Ao todo, nessa primeira semana (30.03 a 05.04), foram produzidos 18 textos de análise. Nossa página atingiu mais de 1,6 mil visitantes ao longo de quase sete dias, gerando quase 3 mil visualizações distintas. Associado ao site, a nossa página no Facebook (@ppgdem) contribuiu para a maior visibilidade das publicações, sendo a principal origem dos cliques que direcionam para o ONAS-Covid19.

Como afirmamos acima, os produtos publicados tem caráter de divulgação científica. Devemos continuar assim, tentando espalhar informação apoiada em dados seguros e tentando esclarecer suas limitações e potencialidades para compreensão da realidade social. Não é uma tarefa simples e nem de longe poderia cobrir toda a informação e abordagens distintas sobre o tema, pois trata-se de um momento em que novas informações chegam com grande velocidade e ainda há muito que se aprender sobre a Covid-19 e suas relações com a demografia. Os textos produzidos aqui, portanto, refletem as preocupações do momento e reagem às informações novas sobre as características da população com a pandemia do novo coronavírus.

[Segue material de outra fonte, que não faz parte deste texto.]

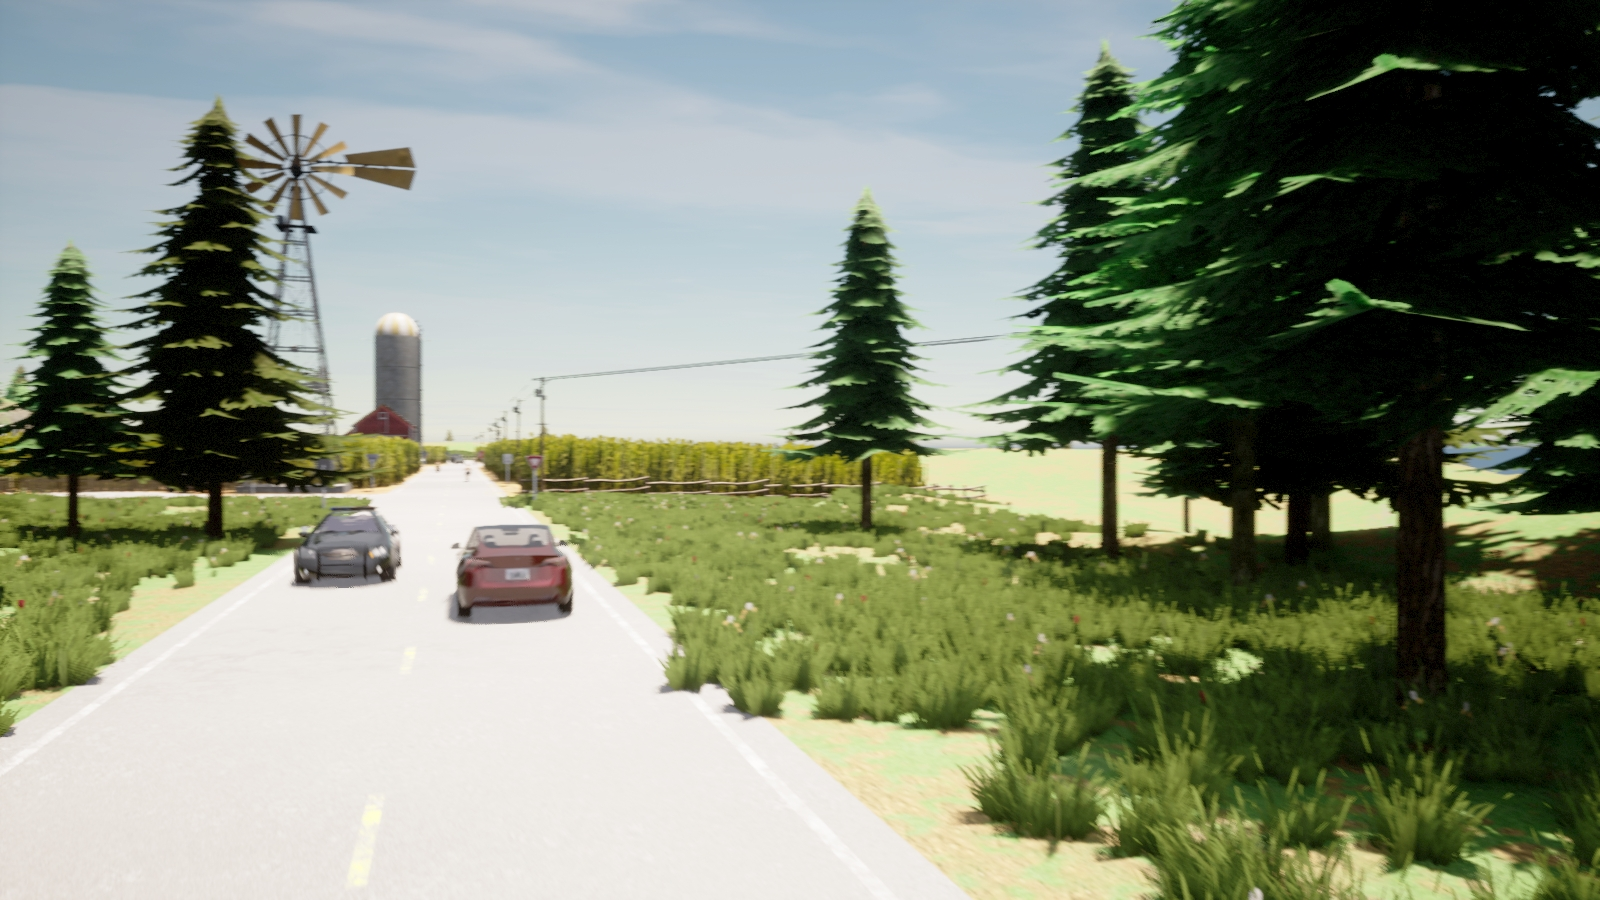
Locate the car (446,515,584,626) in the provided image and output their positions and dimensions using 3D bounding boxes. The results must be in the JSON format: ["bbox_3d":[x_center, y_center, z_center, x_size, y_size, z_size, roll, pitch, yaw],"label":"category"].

A novidade para a próxima semana é o lançamento oficial do Podcast ONAS-Covid19 com uma playlist comentando os textos publicados. Cada autor produziu um breve depoimento informativo de forma a complementar ou realçar a informação produzida de forma escrita. Ampliamos a acessibilidade da informação e ao mesmo tempo tornamos mais interativa a conversa. Esperamos não produzir informação científica apenas da forma tradicional, dialogando só com os especialistas. Assim, os textos produzidos aqui não redundam em todo o conhecimento agregado à cada frente de discussão proposta. Dito isso, fica o convite para continuar seguindo nossas publicações para outras abordagens, às vezes sobre o mesmo tema e incorporando novas leituras.

Editorial | 05.04.2020 | Ricardo Ojima | Coordenador do ONAS-Covid19 | Programa de Pós-Graduação em Demografia | Universidade Federal do Rio Grande do Norte | A primeira semana de confinamento e o que estamos fazendo.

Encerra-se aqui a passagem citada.